### REQUIREMENT
Please give the number of lines in the material below that contain "listed", without further comment.

### RECORDED INFORMATION
_ _ _ _ _ _ _
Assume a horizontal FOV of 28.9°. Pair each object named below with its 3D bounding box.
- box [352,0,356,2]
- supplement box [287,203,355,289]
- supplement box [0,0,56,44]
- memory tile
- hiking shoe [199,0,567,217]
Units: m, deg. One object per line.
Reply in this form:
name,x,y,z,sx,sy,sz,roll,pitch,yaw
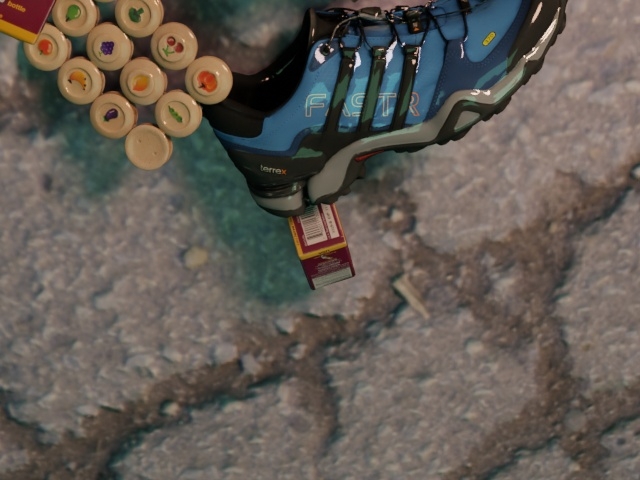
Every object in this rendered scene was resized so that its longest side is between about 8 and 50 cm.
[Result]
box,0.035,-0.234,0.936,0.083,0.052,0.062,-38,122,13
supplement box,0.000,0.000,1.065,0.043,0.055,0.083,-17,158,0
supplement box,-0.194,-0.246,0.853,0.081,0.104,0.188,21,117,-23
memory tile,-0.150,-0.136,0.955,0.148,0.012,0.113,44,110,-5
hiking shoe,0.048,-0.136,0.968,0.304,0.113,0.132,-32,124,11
_ _ _ _ _ _ _
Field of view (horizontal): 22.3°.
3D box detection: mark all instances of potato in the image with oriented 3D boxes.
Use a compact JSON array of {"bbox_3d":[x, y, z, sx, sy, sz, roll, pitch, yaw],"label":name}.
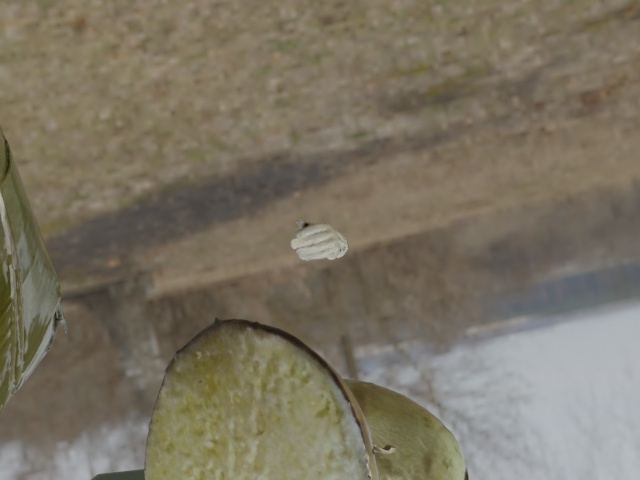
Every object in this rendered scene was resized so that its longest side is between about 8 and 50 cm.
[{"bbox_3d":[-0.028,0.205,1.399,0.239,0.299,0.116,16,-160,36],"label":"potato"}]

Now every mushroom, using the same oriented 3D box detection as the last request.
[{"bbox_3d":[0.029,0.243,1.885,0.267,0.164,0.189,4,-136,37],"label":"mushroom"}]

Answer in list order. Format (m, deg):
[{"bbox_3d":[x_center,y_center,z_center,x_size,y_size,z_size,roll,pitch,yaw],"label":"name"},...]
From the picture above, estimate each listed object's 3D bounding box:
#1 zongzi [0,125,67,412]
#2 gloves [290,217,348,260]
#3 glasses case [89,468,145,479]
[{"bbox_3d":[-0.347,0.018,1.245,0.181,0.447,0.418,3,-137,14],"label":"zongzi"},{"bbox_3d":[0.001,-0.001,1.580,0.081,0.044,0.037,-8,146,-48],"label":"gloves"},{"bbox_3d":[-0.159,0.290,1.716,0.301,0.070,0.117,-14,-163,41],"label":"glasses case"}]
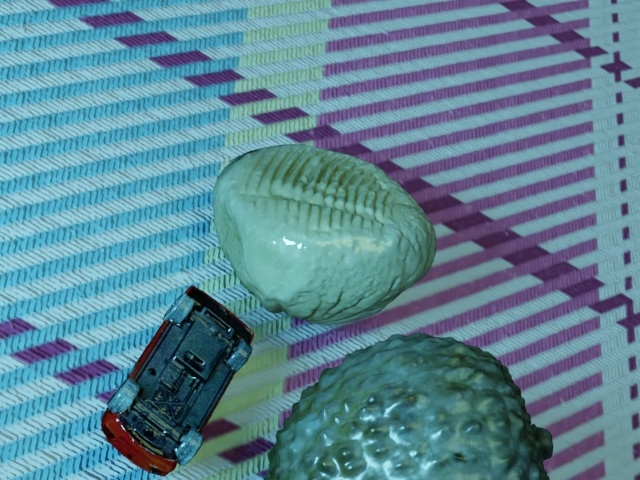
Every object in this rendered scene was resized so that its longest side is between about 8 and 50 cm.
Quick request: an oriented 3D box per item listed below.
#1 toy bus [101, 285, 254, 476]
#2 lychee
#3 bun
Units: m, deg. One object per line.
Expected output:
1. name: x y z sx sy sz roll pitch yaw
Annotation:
_ _ _ _ _ _ _
### WRITTEN SOLUTION
2